Work request:
Using the listing below, set down each line from the line containing "Answer in list" through the line containing "- sneaker (405,295,510,409)", both ends included, exactly and with nothing added.

Data for this exercise:
------

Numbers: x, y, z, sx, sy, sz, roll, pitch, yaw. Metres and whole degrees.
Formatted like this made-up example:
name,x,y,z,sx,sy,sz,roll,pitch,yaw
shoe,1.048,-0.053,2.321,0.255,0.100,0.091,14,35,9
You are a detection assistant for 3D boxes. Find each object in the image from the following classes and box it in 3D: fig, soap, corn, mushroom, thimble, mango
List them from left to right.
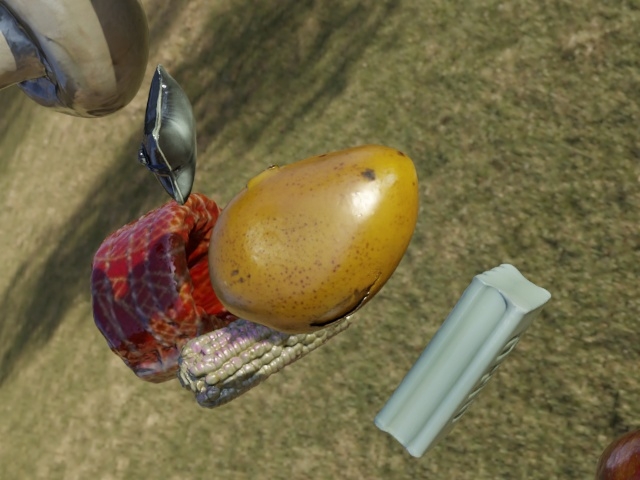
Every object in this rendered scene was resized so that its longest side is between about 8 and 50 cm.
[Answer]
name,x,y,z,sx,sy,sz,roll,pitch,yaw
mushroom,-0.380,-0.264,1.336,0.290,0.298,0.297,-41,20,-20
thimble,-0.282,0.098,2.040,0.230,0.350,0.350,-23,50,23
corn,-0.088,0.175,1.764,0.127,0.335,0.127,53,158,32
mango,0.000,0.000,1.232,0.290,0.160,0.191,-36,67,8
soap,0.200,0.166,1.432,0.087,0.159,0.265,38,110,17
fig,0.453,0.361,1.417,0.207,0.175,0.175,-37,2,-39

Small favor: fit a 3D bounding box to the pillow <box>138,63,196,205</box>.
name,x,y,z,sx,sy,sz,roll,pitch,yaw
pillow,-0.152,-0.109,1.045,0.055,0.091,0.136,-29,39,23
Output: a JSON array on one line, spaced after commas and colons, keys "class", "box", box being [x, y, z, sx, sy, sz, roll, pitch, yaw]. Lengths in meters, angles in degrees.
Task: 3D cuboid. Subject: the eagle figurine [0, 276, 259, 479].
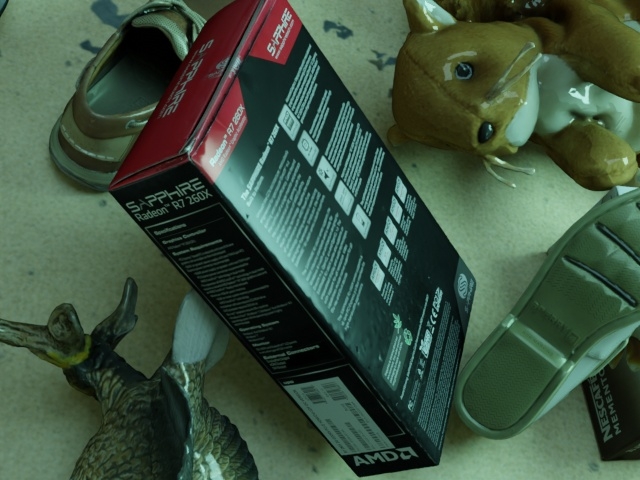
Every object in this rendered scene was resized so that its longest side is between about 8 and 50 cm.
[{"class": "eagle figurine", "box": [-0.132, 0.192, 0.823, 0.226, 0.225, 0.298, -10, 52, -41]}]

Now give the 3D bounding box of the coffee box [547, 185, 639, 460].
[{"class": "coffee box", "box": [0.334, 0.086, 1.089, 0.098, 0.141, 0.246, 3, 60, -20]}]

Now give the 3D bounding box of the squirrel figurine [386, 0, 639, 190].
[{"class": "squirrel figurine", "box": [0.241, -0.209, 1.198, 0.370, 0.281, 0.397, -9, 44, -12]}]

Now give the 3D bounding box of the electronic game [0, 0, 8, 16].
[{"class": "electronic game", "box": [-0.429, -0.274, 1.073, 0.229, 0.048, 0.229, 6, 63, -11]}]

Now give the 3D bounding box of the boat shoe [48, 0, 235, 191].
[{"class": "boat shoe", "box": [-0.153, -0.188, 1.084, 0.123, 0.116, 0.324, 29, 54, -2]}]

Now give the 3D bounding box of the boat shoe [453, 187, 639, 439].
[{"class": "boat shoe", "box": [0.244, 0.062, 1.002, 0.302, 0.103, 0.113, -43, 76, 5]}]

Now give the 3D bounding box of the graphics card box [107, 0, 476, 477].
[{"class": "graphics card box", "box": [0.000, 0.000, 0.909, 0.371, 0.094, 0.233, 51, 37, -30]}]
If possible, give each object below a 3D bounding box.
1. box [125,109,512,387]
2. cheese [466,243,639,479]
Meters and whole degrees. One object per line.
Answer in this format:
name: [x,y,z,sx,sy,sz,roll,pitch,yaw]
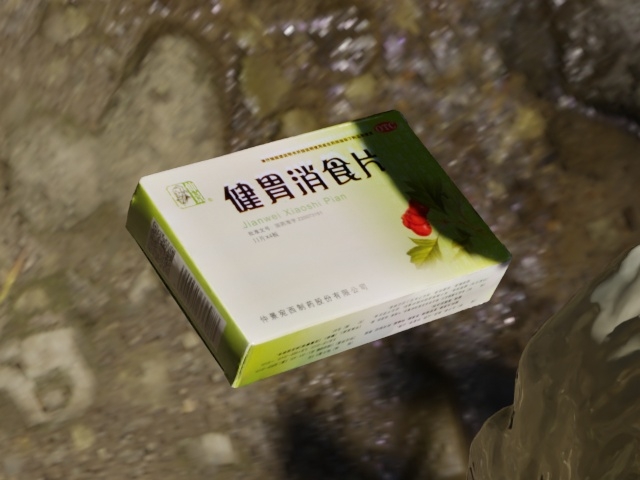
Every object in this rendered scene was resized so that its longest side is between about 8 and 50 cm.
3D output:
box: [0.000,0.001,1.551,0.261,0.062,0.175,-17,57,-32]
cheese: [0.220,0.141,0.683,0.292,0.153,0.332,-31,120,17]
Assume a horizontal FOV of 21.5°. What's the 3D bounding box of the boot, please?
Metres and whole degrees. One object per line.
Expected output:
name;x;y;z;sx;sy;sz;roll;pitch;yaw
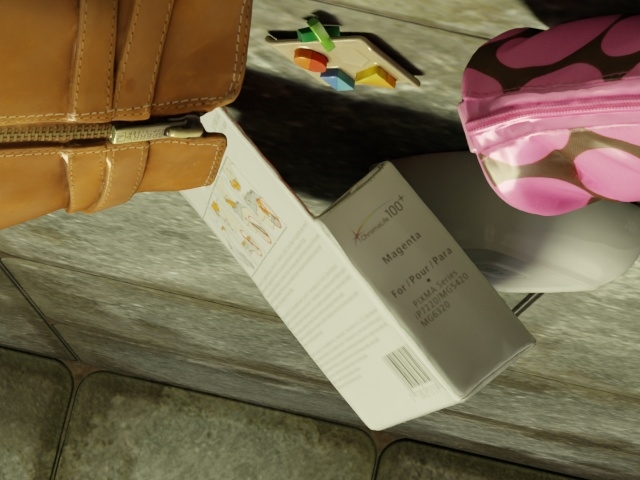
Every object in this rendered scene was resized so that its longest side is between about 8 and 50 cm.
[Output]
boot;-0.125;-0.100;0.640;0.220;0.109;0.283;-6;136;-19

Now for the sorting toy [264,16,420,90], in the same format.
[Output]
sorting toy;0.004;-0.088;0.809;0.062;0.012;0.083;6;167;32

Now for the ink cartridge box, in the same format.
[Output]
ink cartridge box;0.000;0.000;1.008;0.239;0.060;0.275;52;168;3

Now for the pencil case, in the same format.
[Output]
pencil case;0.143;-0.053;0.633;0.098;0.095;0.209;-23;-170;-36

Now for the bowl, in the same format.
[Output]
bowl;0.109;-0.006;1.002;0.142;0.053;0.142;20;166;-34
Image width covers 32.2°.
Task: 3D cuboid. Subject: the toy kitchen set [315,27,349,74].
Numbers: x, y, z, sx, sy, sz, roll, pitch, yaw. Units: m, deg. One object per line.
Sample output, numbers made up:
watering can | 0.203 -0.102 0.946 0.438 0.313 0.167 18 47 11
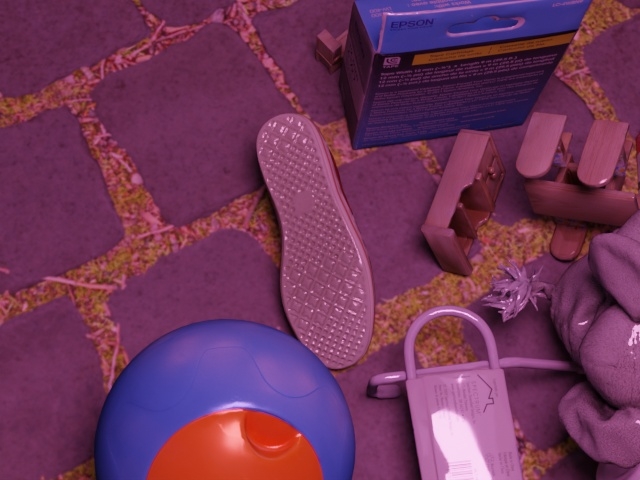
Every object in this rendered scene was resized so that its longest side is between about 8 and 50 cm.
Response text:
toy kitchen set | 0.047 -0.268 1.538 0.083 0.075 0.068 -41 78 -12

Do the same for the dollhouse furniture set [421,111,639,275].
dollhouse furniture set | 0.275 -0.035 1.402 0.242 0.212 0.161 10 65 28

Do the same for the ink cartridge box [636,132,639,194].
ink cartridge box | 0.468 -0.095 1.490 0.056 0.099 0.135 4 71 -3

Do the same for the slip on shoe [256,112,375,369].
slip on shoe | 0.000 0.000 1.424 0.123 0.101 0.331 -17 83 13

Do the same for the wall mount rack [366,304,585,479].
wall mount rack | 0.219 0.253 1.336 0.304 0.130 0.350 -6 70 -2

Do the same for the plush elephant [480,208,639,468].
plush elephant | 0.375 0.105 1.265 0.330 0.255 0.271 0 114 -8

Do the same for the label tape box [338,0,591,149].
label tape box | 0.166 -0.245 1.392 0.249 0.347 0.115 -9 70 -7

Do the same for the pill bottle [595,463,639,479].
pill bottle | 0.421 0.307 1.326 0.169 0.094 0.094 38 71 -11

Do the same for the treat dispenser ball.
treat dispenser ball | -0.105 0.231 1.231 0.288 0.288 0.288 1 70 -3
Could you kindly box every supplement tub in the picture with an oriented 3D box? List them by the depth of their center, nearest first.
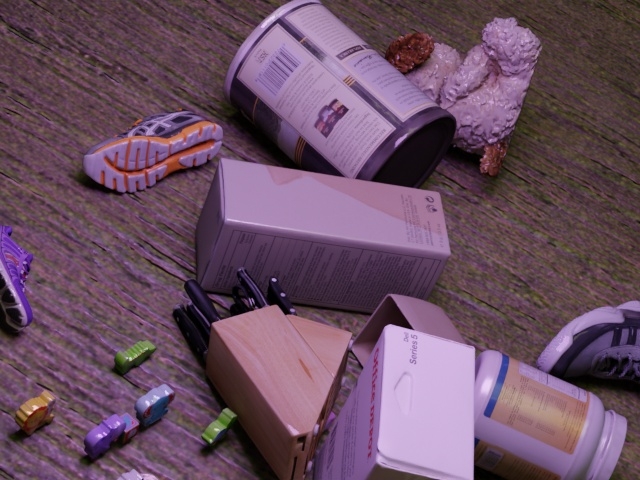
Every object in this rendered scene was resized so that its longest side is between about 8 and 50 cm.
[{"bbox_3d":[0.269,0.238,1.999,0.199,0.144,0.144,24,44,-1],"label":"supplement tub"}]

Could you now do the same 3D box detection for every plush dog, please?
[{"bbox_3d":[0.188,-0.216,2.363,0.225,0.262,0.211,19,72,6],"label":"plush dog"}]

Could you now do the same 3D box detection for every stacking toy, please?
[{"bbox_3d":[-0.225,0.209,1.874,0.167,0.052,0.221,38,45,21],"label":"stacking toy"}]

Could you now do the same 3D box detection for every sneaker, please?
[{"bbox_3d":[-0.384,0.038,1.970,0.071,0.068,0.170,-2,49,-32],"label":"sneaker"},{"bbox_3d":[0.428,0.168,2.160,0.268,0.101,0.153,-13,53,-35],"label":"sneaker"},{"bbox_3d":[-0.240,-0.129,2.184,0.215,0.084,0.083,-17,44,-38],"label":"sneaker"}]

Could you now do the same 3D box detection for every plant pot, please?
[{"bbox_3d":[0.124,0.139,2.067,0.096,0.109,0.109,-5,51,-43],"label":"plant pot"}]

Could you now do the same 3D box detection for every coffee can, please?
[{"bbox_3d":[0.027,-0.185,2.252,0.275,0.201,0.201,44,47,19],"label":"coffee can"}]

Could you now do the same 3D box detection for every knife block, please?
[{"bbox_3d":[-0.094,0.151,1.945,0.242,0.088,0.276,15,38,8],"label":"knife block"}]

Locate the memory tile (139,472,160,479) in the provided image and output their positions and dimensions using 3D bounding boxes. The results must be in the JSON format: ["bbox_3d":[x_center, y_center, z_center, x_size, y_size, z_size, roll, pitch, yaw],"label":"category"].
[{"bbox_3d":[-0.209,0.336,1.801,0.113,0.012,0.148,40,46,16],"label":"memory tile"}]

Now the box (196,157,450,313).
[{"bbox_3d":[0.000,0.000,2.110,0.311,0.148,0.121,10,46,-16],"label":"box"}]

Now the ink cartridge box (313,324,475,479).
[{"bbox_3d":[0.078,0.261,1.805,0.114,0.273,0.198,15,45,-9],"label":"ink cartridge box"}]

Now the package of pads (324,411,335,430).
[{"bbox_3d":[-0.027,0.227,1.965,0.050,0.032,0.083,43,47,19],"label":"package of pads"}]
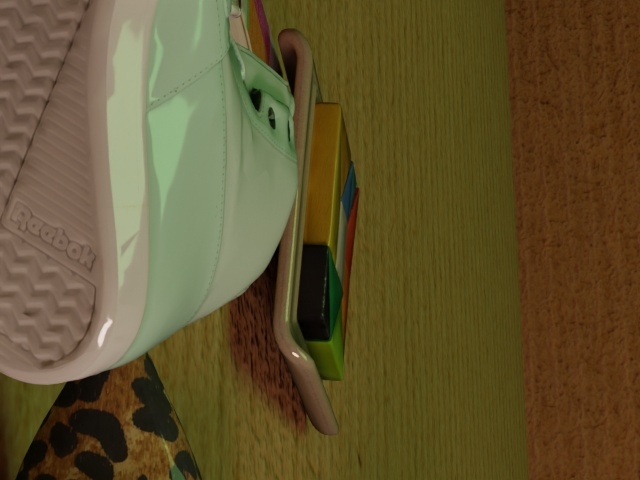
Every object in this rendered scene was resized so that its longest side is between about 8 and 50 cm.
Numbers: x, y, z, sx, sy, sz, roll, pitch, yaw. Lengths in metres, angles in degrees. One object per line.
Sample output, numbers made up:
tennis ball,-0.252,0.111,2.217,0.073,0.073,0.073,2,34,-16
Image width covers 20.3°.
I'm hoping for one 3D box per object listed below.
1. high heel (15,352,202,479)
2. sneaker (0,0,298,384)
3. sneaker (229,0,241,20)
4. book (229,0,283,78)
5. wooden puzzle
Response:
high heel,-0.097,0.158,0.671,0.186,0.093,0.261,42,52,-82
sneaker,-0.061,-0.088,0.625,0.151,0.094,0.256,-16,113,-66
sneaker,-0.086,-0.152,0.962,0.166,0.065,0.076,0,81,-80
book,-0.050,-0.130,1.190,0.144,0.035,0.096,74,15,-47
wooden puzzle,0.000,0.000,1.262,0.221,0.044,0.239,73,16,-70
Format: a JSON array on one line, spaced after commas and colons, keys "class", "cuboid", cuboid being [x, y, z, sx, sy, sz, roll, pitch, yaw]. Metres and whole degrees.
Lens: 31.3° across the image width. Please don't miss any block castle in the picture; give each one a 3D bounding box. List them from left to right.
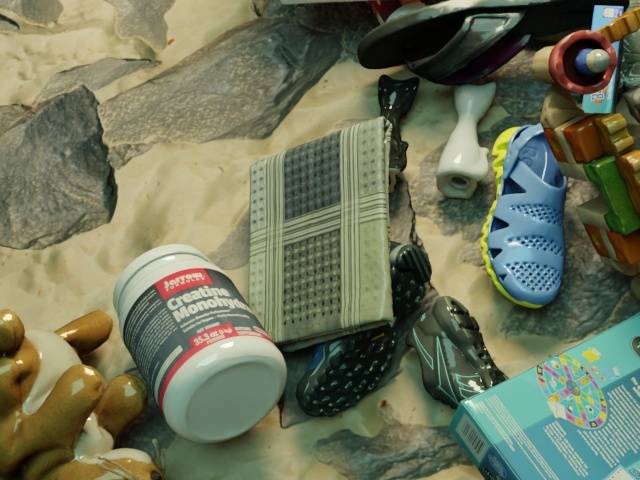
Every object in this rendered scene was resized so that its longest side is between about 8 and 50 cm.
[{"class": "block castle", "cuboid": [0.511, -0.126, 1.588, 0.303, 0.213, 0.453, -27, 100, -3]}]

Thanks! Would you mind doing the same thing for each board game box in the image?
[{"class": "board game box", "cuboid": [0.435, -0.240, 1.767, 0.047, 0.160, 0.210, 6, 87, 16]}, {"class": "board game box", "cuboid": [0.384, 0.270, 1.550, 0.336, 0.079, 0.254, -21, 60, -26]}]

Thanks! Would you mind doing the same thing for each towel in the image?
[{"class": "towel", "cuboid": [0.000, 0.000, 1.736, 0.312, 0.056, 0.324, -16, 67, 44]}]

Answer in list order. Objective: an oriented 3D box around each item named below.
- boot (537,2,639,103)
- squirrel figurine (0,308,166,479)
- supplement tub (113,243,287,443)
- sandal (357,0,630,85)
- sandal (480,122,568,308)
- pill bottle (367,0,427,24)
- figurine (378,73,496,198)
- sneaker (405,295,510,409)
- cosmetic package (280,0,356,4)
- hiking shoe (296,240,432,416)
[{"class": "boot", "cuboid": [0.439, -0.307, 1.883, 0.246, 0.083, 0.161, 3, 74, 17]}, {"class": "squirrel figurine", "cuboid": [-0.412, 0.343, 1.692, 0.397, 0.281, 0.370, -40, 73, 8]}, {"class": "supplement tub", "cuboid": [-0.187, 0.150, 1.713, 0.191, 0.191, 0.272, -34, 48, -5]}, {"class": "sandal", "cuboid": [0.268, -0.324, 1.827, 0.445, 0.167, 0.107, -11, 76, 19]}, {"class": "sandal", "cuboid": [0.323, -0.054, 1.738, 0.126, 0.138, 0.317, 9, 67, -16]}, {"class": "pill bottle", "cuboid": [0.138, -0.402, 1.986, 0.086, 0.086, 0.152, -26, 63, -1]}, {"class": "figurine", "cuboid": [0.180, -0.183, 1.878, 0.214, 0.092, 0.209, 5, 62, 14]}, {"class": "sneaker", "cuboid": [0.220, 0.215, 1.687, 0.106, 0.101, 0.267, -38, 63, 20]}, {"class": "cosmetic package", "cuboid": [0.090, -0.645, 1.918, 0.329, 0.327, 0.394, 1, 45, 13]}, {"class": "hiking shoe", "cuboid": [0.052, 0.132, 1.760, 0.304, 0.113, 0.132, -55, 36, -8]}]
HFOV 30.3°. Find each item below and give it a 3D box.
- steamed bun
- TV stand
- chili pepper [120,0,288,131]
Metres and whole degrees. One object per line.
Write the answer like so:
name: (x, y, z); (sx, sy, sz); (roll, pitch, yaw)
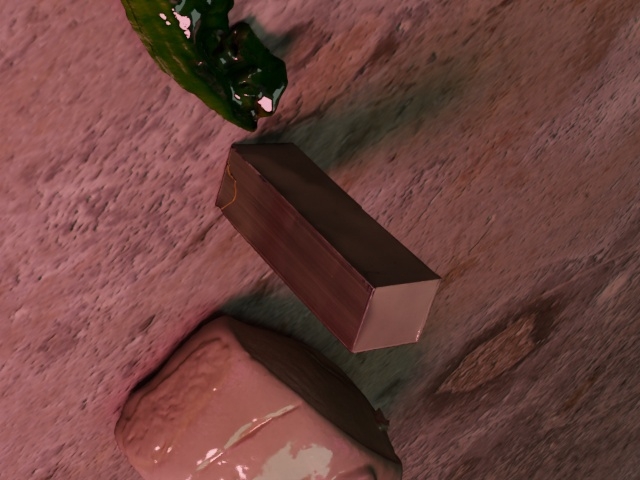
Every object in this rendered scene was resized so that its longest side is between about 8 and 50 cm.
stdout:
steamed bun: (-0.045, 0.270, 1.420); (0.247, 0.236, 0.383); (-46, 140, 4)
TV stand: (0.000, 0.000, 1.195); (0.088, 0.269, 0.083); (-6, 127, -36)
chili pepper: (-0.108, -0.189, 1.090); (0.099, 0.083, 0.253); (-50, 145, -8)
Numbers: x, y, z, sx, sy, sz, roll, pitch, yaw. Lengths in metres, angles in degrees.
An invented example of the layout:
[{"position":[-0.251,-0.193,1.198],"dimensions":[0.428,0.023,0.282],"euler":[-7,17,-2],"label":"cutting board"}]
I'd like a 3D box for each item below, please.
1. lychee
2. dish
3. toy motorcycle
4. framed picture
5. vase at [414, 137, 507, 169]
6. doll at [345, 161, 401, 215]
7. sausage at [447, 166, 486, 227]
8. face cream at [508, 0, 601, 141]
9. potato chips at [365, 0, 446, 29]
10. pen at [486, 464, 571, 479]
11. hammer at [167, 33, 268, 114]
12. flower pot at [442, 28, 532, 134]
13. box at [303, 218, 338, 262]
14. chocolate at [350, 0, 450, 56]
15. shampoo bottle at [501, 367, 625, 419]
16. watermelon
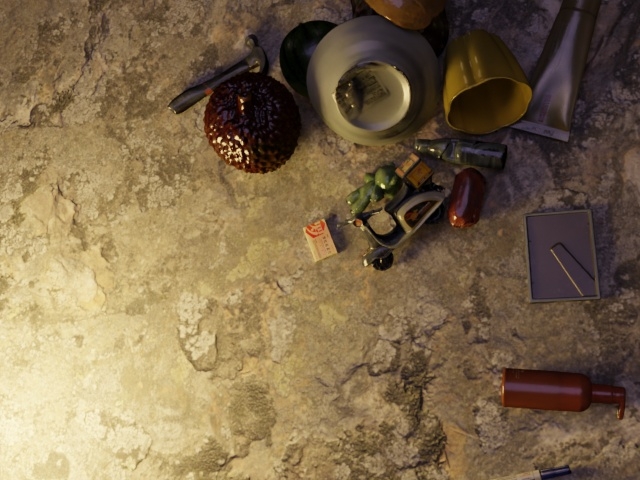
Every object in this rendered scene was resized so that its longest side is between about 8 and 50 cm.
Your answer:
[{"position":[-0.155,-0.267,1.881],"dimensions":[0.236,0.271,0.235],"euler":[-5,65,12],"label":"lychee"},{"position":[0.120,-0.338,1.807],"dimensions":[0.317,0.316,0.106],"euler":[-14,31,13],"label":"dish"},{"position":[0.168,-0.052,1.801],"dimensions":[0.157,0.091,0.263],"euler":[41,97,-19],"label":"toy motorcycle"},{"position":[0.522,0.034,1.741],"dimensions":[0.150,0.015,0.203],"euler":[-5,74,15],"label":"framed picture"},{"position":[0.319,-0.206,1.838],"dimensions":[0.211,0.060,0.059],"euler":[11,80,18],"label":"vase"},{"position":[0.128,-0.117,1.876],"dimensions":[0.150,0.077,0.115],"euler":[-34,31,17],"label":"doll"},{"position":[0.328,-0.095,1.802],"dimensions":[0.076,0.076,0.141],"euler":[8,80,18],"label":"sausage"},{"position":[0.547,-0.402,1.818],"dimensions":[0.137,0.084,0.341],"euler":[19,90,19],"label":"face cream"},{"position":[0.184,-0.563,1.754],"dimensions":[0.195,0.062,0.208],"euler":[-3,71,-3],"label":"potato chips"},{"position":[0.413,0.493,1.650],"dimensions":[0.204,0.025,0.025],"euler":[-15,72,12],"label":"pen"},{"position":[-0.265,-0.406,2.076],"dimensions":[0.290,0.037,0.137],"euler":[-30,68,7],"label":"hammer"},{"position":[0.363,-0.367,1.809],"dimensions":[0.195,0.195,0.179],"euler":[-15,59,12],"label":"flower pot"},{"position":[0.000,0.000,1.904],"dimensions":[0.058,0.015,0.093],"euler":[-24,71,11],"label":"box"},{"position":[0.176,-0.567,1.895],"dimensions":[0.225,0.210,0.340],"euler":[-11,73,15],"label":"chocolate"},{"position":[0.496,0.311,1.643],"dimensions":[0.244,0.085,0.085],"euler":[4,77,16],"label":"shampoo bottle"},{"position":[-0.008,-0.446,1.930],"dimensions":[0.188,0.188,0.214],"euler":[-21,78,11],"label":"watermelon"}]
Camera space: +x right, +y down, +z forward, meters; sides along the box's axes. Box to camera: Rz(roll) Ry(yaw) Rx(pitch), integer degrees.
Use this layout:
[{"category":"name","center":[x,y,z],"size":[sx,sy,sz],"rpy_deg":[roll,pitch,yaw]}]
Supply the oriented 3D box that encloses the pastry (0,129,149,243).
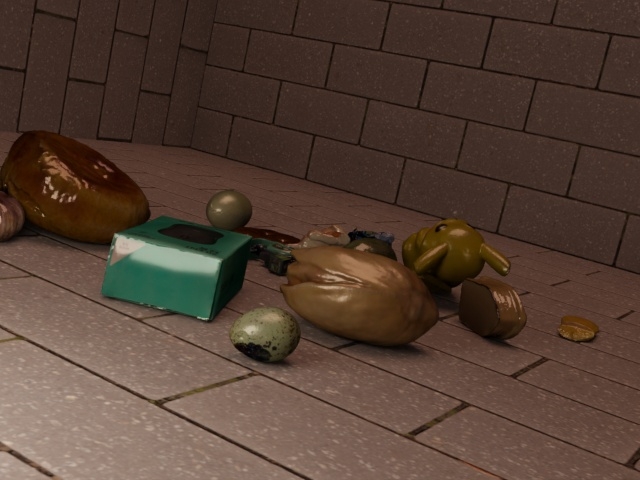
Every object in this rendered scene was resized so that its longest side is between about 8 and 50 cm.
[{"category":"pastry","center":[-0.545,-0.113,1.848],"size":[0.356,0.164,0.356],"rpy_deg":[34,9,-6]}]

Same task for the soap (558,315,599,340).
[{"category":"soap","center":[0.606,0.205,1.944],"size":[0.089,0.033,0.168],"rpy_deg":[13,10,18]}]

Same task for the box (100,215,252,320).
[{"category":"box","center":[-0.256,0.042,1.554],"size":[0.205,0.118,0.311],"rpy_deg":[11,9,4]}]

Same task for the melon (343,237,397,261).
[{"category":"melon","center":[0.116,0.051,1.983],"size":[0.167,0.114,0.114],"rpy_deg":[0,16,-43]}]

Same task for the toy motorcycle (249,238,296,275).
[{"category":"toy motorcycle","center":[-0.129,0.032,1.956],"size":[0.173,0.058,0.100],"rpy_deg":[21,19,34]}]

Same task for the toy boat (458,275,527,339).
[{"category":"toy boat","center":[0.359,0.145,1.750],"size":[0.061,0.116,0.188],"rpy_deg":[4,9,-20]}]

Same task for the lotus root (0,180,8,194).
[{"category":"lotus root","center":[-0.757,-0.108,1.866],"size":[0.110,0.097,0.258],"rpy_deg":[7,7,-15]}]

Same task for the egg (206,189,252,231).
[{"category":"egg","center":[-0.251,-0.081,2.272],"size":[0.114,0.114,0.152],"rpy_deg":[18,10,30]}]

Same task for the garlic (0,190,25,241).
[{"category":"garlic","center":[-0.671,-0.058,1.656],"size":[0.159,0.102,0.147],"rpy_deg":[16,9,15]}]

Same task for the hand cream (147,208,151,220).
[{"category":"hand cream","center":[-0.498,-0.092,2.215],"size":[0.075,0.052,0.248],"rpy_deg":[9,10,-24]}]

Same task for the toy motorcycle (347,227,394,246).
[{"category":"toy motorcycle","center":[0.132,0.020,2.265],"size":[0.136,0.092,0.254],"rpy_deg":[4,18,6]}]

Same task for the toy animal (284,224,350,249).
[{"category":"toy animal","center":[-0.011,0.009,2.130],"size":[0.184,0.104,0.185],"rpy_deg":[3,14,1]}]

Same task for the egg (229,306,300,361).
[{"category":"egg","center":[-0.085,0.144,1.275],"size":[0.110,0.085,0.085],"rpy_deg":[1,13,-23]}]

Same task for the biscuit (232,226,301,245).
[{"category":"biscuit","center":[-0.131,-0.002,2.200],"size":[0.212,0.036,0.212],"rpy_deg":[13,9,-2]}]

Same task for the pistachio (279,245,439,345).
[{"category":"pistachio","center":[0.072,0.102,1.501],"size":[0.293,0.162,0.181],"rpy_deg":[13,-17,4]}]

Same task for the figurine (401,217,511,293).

------

Result of the task:
Answer in list order. Objective: an oriented 3D box around each item named below.
- boot (537,2,639,103)
- squirrel figurine (0,308,166,479)
- supplement tub (113,243,287,443)
- sandal (357,0,630,85)
- sandal (480,122,568,308)
- pill bottle (367,0,427,24)
- figurine (378,73,496,198)
- sneaker (405,295,510,409)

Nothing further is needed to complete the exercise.